In this study, SCC charts for turbidity and pH are based on ARIMA (3,1,0) and ARIMA (1,1,1) models, respectively. In other studies, Smeti *et al.* (2006, 2007a) used ARIMA (0,1,1). Elevli *et al.* (2009), Noskievicova (2009), and Karaoglan & Bayhan (2011) used ARIMA (1,0,0) or AR (1). ARIMA (1,0,1), ARIMA (0,1,1) and ARIMA (0,1,2) were used by Tasdemir (2012) and Kandananond (2014). Different models are the results of ACF and PACF plots used during determination of models.
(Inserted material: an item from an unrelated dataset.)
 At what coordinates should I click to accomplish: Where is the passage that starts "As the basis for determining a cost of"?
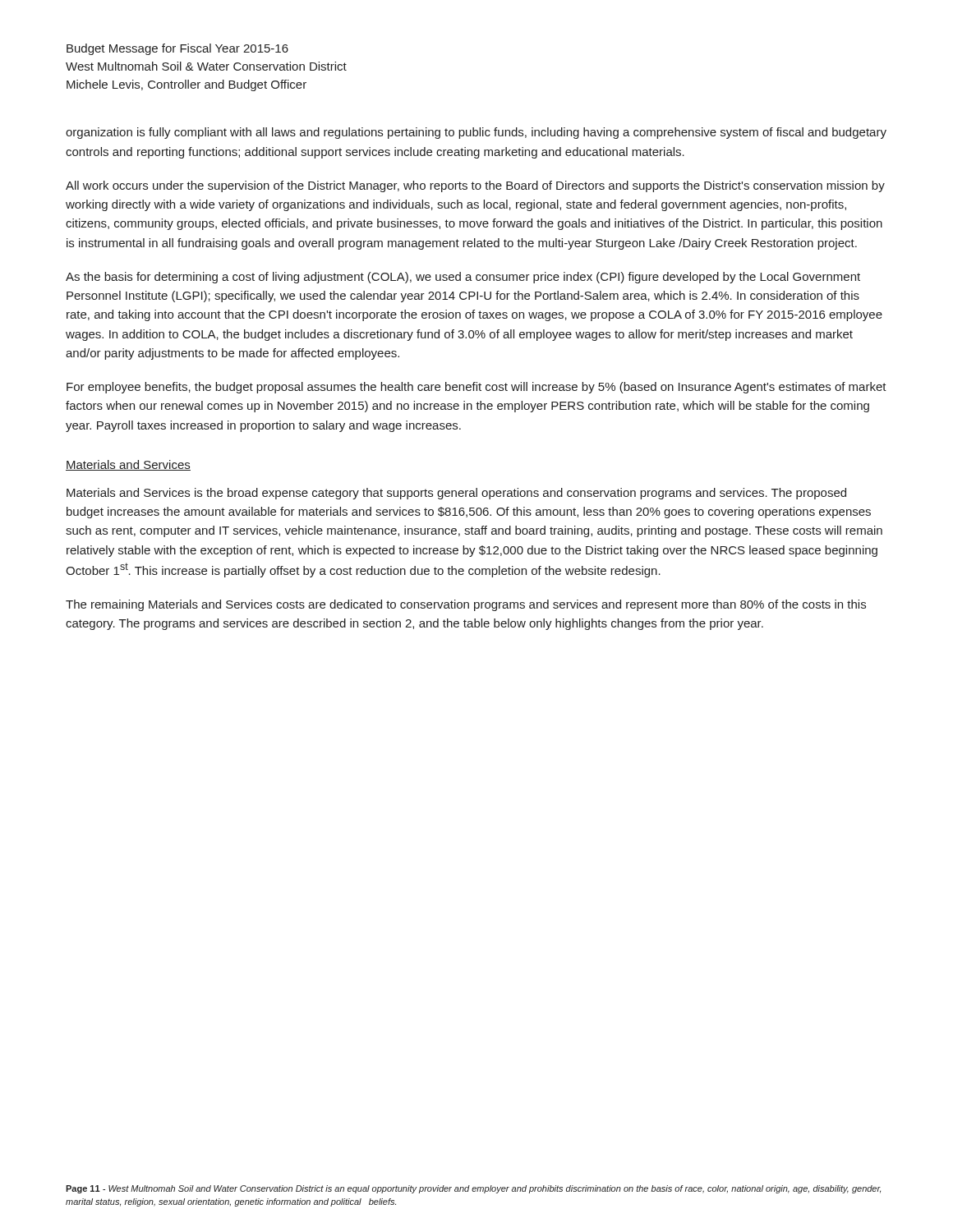[x=474, y=314]

According to the SCC charts given in Figure 7, the water treatment process is not in control statistically for both of the parameters. The outside points for turbidity are observed after the 90th data point. This means that the variability in November was increased compared to other months. According to the descriptive statistics of Table 1, the process is also not capable of meeting the allowed upper limit (1 NTU). Consequently, some out of specification drinking water is supplied to consumers from the turbidity point of view. A number of out-of-control points for pH are higher than turbidity. However, the observed variation for pH is narrower than the specifications (6.5–9.5). This situation is an indication that the process is capable. Since the objective of water treatment plants is to provide drinking water that is safe and acceptable to consumers, it is necessary to investigate the assignable causes of process variation and to eliminate them.